Drigan has asked for the wisdom of the Perl Monks concerning the following question:

Hey Monks, I'm looking through a large amount of data on a regular basis to make sure that no copyrights get missed. To spot a line that has a copyright in it, I'm currently looking for this:

^(?=.*\Wcopyright(\W|ed\W)|\s\(c\)\s)(?=.*\D(19|20)\d\d\D)

This catches anything with a year from 1900 to 2099, and the words "Copyright", "Copyrighted", or, "(c)" This does the job, but . . . I'd like to crank up the speed any way that I can, and looking through a 100,000 character (binary) line twice seems a little unnecessary when I know that the year will be within 200 characters of the copyright announcement.

I thought I could anchor off of the copyright announcement, and then look at my previous 200 and next 200 characters to see if they contain a year, eliminating nearly half of my search zone for long strings.

Something like this:
^.*Wcopyright(\W|ed\W)|\s\(c\)\s((?=.{0,200}\D(19|20)\d\d\D)|(?<=.{0,200}\D(19|20)\d\d\D.{0,200}))

When I tried this, I got "Variable length lookbehind not implemented in regex"

How can I make this search more efficient?

Replies are listed 'Best First'.
Re: Lookaround Assertions
by moritz (Cardinal) on Jul 21, 2009 at 21:39 UTC
    You can try not use look-around assertions at all, for example by splitting it up into two ordinary alternatives:
    my $copyright = qr{\b copyright (?:ed)? \b }xi; my $date = qr{\b (?:19|20) \d\d \b }x; if ($str =~ s/$copyright.{0,200}$date|$date.{0,200}$copyright/) {...}

    You'd have to check with your real data if it's actually faster, but chances are that it will because it doesn't check every string position for a look-around.

    If you want to stick with your look-around approach, you can use look-aheads, which support variable width regexes.

OT: copyright parsing
by Your Mother (Archbishop) on Jul 21, 2009 at 21:56 UTC

    I'm the resident wet-blanket. I'm not sure what your project covers but putting a notice in the text is not a legal requirement to secure copyrights. So any text lacking the things you are looking for is quite likely to be copyrighted too. Be careful and if you or your employer is doing a serious project, get a lawyer to sign off on all your practices.

Re: Lookaround Assertions
by johngg (Canon) on Jul 21, 2009 at 21:40 UTC

    How about using substr to look only in a window around the copyright text, something like (not tested)

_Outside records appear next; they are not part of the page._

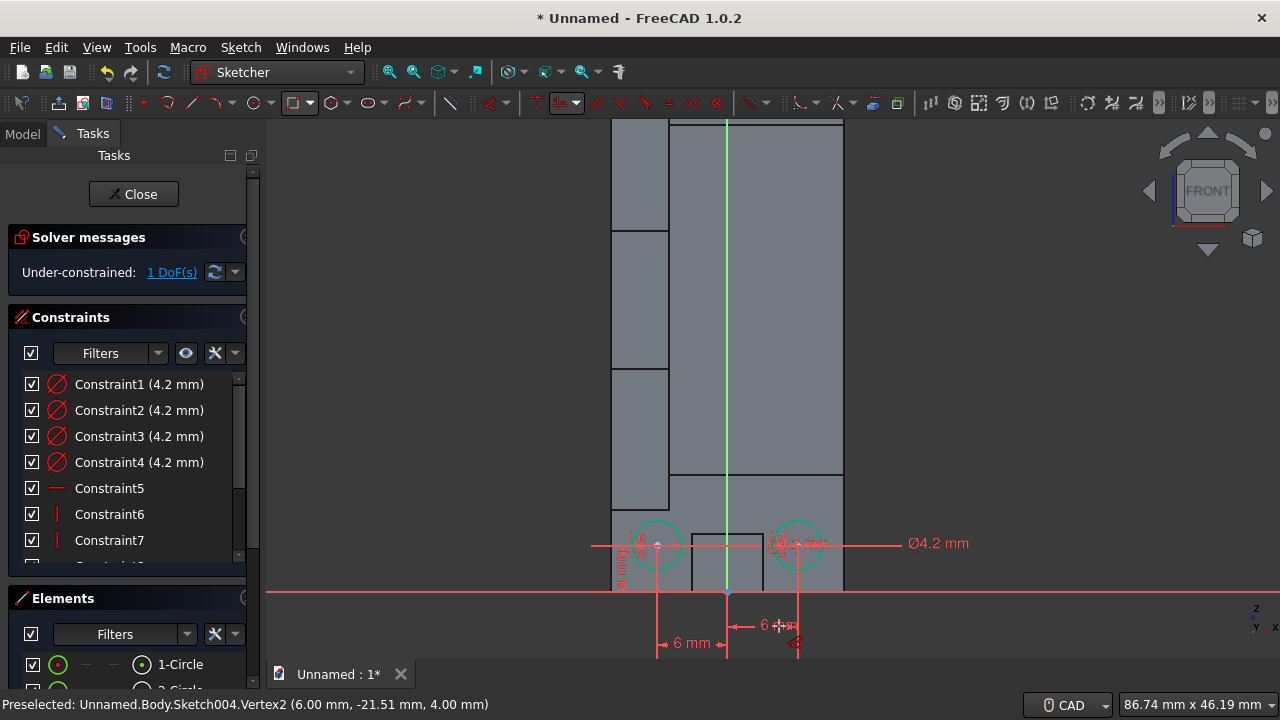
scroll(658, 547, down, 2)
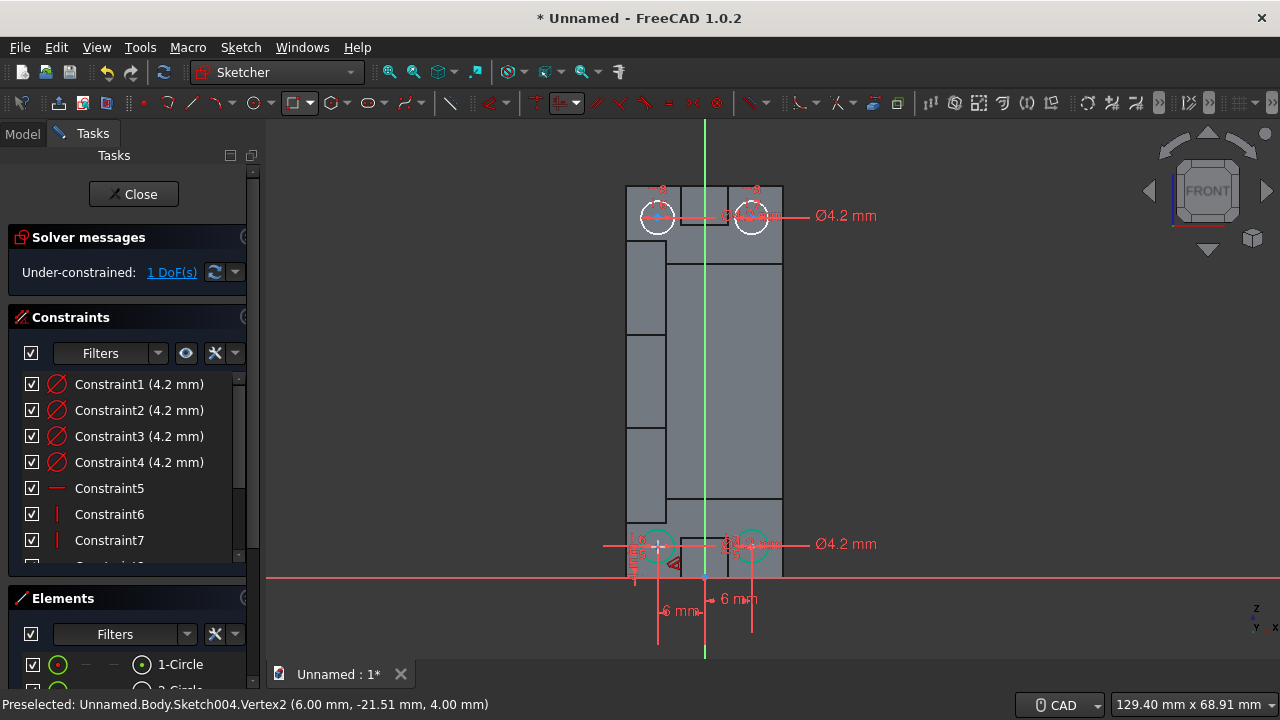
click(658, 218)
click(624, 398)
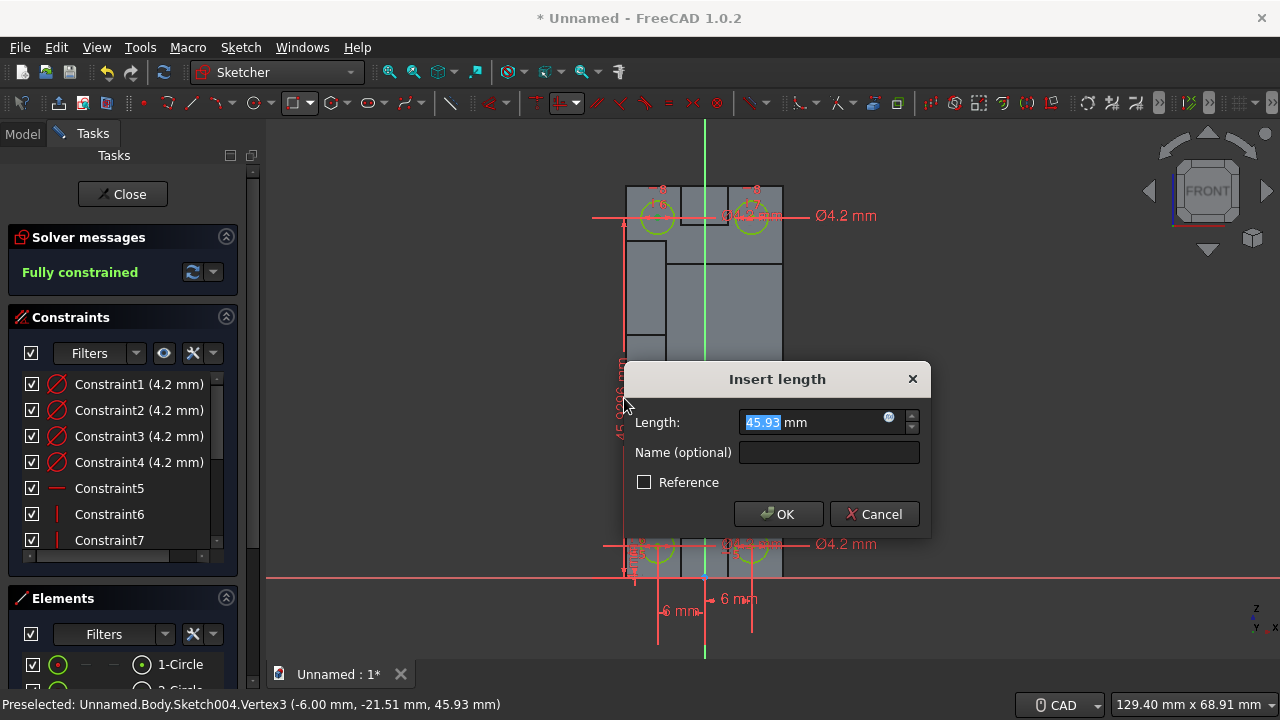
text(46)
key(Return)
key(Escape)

    my $pos; if ( $string =~ m{(?=.*\Wcopyright(\W|ed\W)|\s\(c\)\s)} ) { $pos = pos( $string ) - 200; $pos = 0 if $pos < 0; } else { warn qq{Copyright text not found\n}; next; # or whatever } my $date = $1 if substr( $string, $pos, 400 ) =~ m{\D((?:19|20)\d\d)\D};

    I hope this is useful.

    Cheers,

    JohnGG

    Update: Corrected warning line, I'd mixed double quotes and a qq{...} quoting construct :-/

Re: Lookaround Assertions
by AnomalousMonk (Archbishop) on Jul 22, 2009 at 01:27 UTC
    I like moritz's approach of completely avoiding the use of look-around assertions.

    However, if you are using 5.10 and absolutely must have a variable width look-behind, the  \K "keep" assertion (if that's the proper term) provides a way. See  (?<=pattern) \K in the Look Around Assertions section of perlre.